* _What you will do_
Set down the records once more, please, exactly and with the pictures left out.

[The data Boundary: Start]

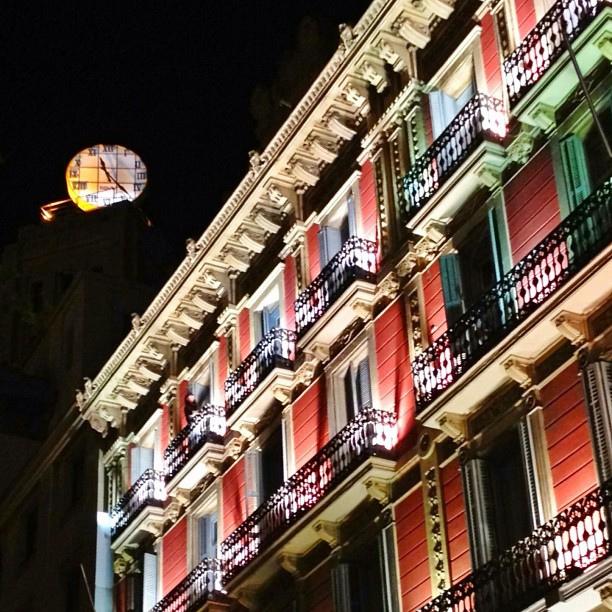Is the building well lit?
Give a very brief answer. Yes. Can you tell the time?
Be succinct. Yes. What is the color of the wall?
Write a very short answer. Red. 
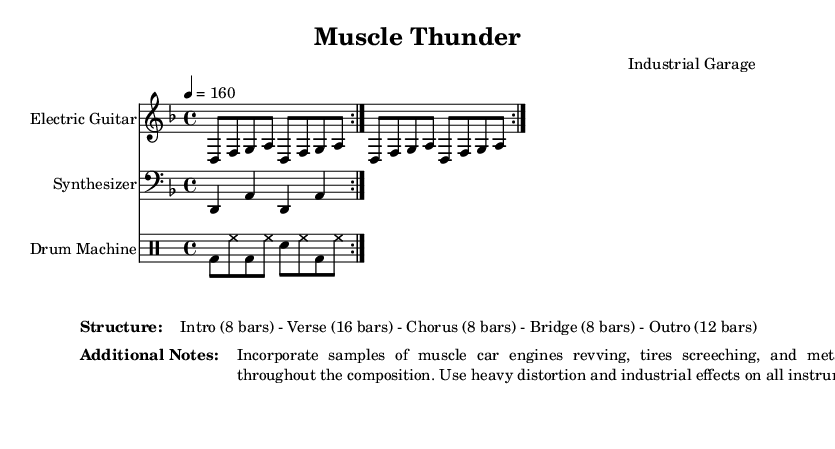What is the key signature of this music? The key signature is D minor, indicated by the presence of one flat (B flat) on the staff and the context of the piece.
Answer: D minor What is the time signature of the piece? The time signature is 4/4, shown at the beginning of the score, which indicates there are four beats in each measure.
Answer: 4/4 What is the tempo marking given in the score? The tempo marking is indicated as 4 = 160, meaning there are 160 beats per minute. This shows the intended speed of the piece.
Answer: 160 How many bars are in the Verse section? The Verse section consists of 16 bars, as outlined in the structure provided at the end of the score.
Answer: 16 bars What instruments are used in this composition? The composition features Electric Guitar, Synthesizer, and Drum Machine, as specified at the beginning of each staff in the score.
Answer: Electric Guitar, Synthesizer, Drum Machine What special effects are suggested for the instruments? It is suggested to use heavy distortion and industrial effects on all instruments, highlighting the experimental nature of the composition.
Answer: Heavy distortion and industrial effects What additional elements should be incorporated into the composition? The notes suggest incorporating samples of muscle car engines revving, tires screeching, and metal impacts throughout the composition, enhancing the industrial noise music theme.
Answer: Samples of muscle car engines, tires screeching, metal impacts 
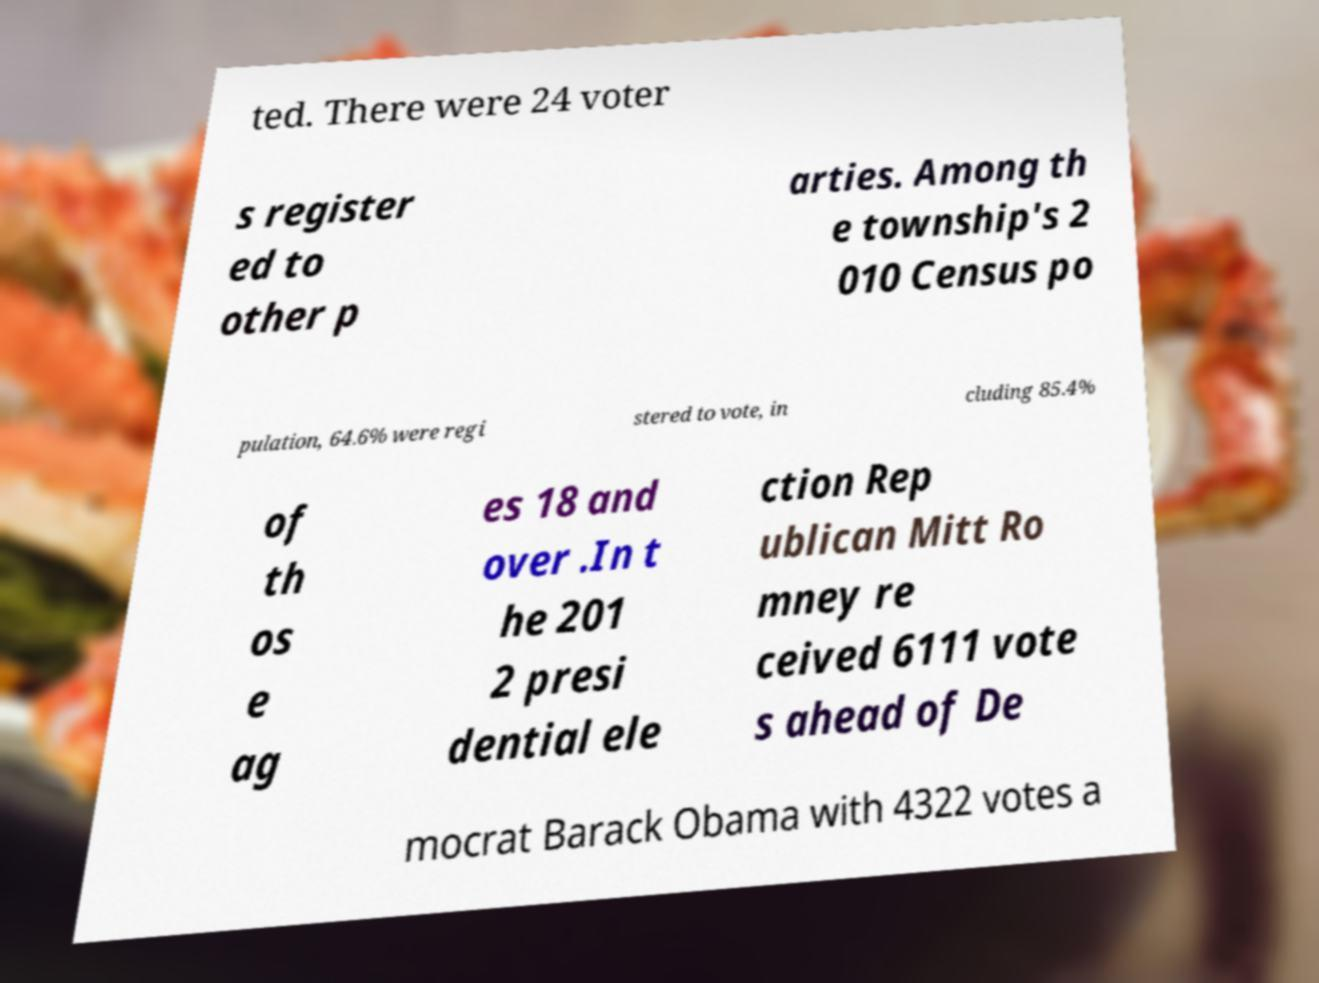There's text embedded in this image that I need extracted. Can you transcribe it verbatim? ted. There were 24 voter s register ed to other p arties. Among th e township's 2 010 Census po pulation, 64.6% were regi stered to vote, in cluding 85.4% of th os e ag es 18 and over .In t he 201 2 presi dential ele ction Rep ublican Mitt Ro mney re ceived 6111 vote s ahead of De mocrat Barack Obama with 4322 votes a 
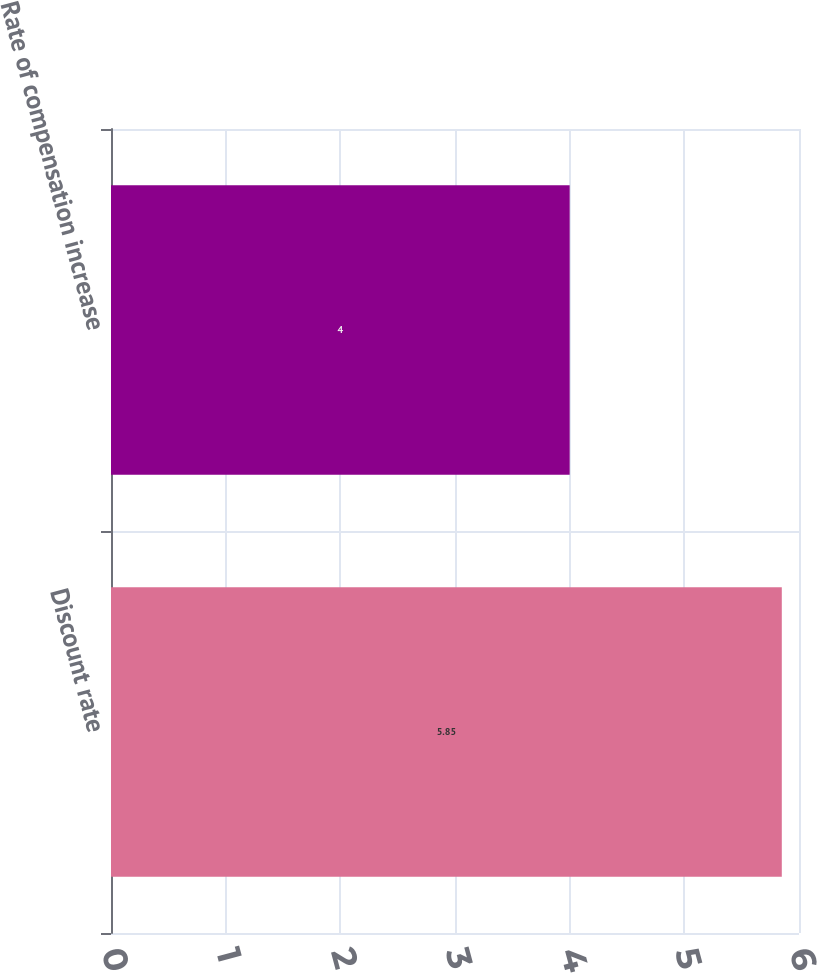<chart> <loc_0><loc_0><loc_500><loc_500><bar_chart><fcel>Discount rate<fcel>Rate of compensation increase<nl><fcel>5.85<fcel>4<nl></chart> 
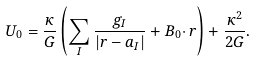Convert formula to latex. <formula><loc_0><loc_0><loc_500><loc_500>U _ { 0 } = \frac { \kappa } { G } \left ( \sum _ { I } \frac { g _ { I } } { | { r } - { a } _ { I } | } + { B } _ { 0 } { \cdot \, r } \right ) + \frac { \kappa ^ { 2 } } { 2 G } .</formula> 
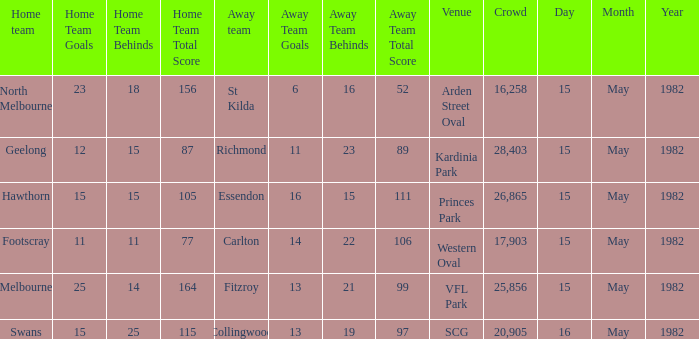Which home team played against the away team with a score of 13.19 (97)? Swans. 
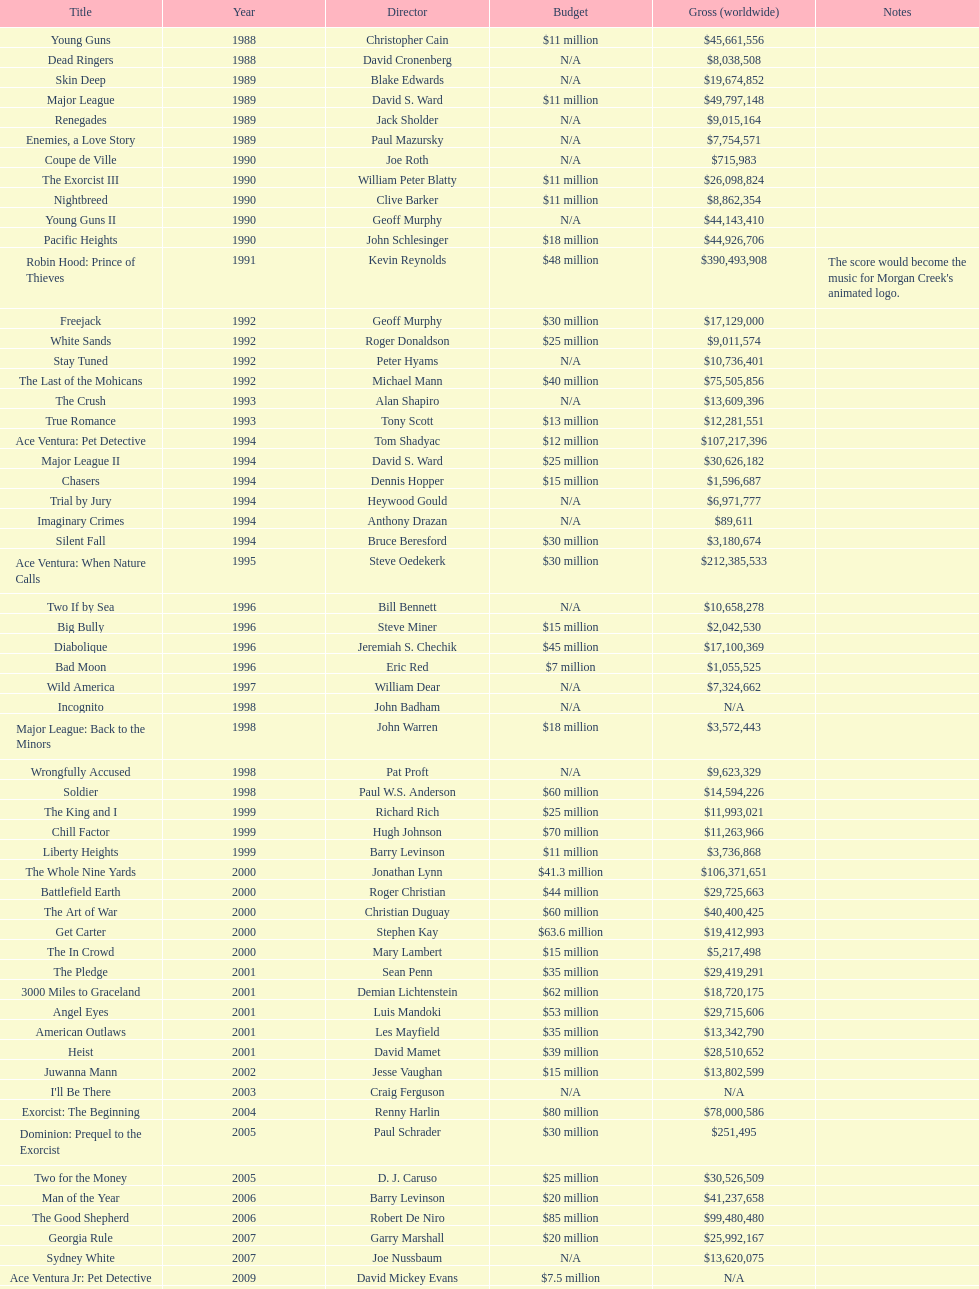Which film produced by morgan creek had the highest worldwide gross? Robin Hood: Prince of Thieves. 
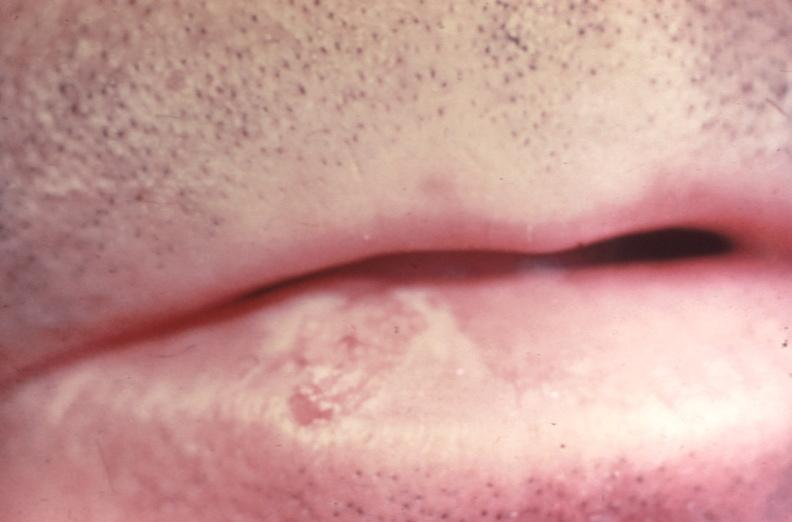does this image show squamous cell carcinoma, lip?
Answer the question using a single word or phrase. Yes 
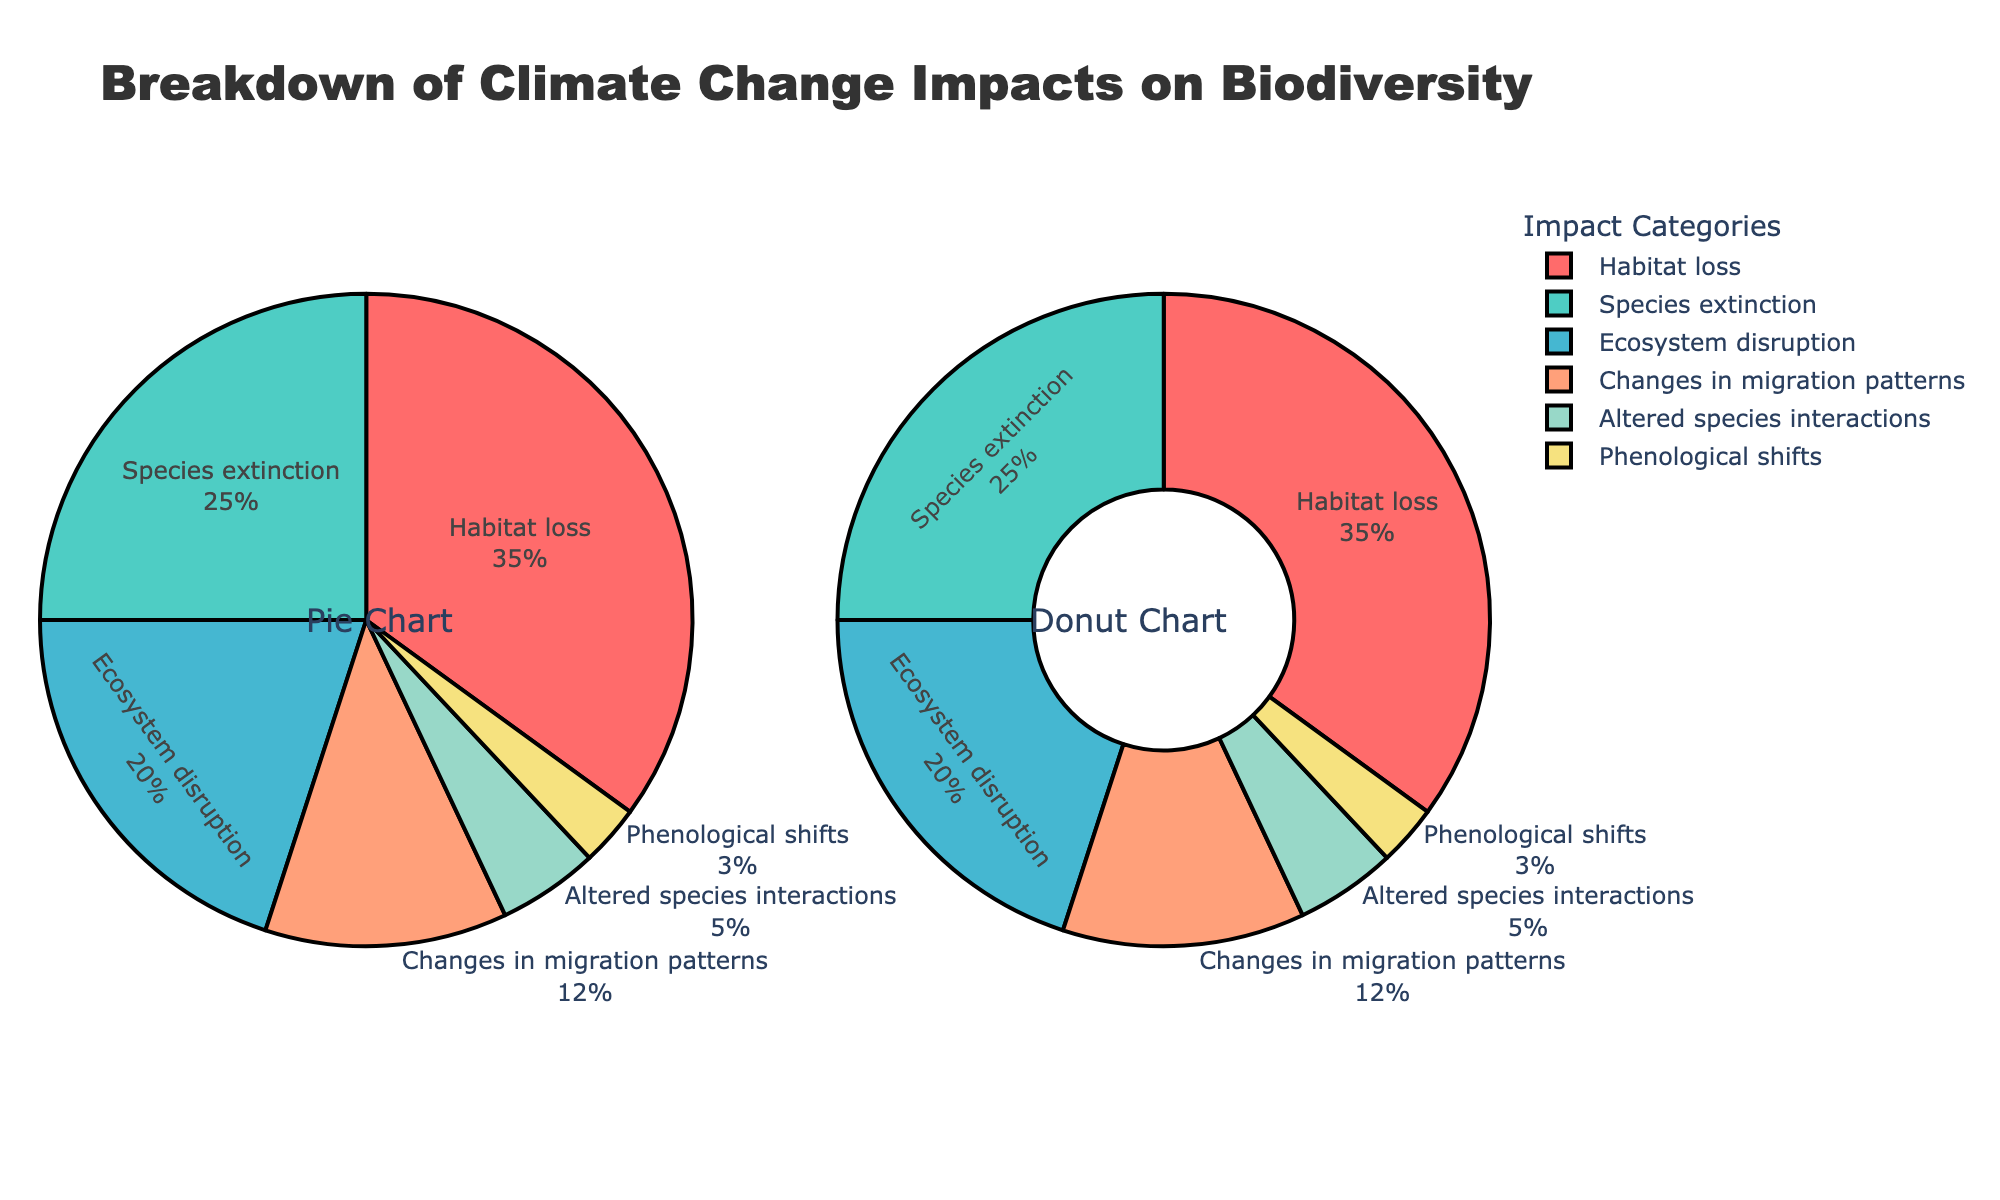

[The data Boundary: End]

* _Written answer_
Is the building well lit?
Give a very brief answer. Yes. Can you tell the time?
Be succinct. Yes. What is the color of the wall?
Write a very short answer. Red. 
What is the key signature of this music? The key signature is D minor, indicated by the presence of one flat (B flat) on the staff and the context of the piece.
Answer: D minor What is the time signature of the piece? The time signature is 4/4, shown at the beginning of the score, which indicates there are four beats in each measure.
Answer: 4/4 What is the tempo marking given in the score? The tempo marking is indicated as 4 = 160, meaning there are 160 beats per minute. This shows the intended speed of the piece.
Answer: 160 How many bars are in the Verse section? The Verse section consists of 16 bars, as outlined in the structure provided at the end of the score.
Answer: 16 bars What instruments are used in this composition? The composition features Electric Guitar, Synthesizer, and Drum Machine, as specified at the beginning of each staff in the score.
Answer: Electric Guitar, Synthesizer, Drum Machine What special effects are suggested for the instruments? It is suggested to use heavy distortion and industrial effects on all instruments, highlighting the experimental nature of the composition.
Answer: Heavy distortion and industrial effects What additional elements should be incorporated into the composition? The notes suggest incorporating samples of muscle car engines revving, tires screeching, and metal impacts throughout the composition, enhancing the industrial noise music theme.
Answer: Samples of muscle car engines, tires screeching, metal impacts 
There's text embedded in this image that I need extracted. Can you transcribe it verbatim? ted. There were 24 voter s register ed to other p arties. Among th e township's 2 010 Census po pulation, 64.6% were regi stered to vote, in cluding 85.4% of th os e ag es 18 and over .In t he 201 2 presi dential ele ction Rep ublican Mitt Ro mney re ceived 6111 vote s ahead of De mocrat Barack Obama with 4322 votes a 
<chart> <loc_0><loc_0><loc_500><loc_500><bar_chart><fcel>Discount rate<fcel>Rate of compensation increase<nl><fcel>5.85<fcel>4<nl></chart> 
Convert formula to latex. <formula><loc_0><loc_0><loc_500><loc_500>U _ { 0 } = \frac { \kappa } { G } \left ( \sum _ { I } \frac { g _ { I } } { | { r } - { a } _ { I } | } + { B } _ { 0 } { \cdot \, r } \right ) + \frac { \kappa ^ { 2 } } { 2 G } .</formula> 
Which home team played against the away team with a score of 13.19 (97)? Swans. 
Which film produced by morgan creek had the highest worldwide gross? Robin Hood: Prince of Thieves. 
does this image show squamous cell carcinoma, lip?
Answer the question using a single word or phrase. Yes 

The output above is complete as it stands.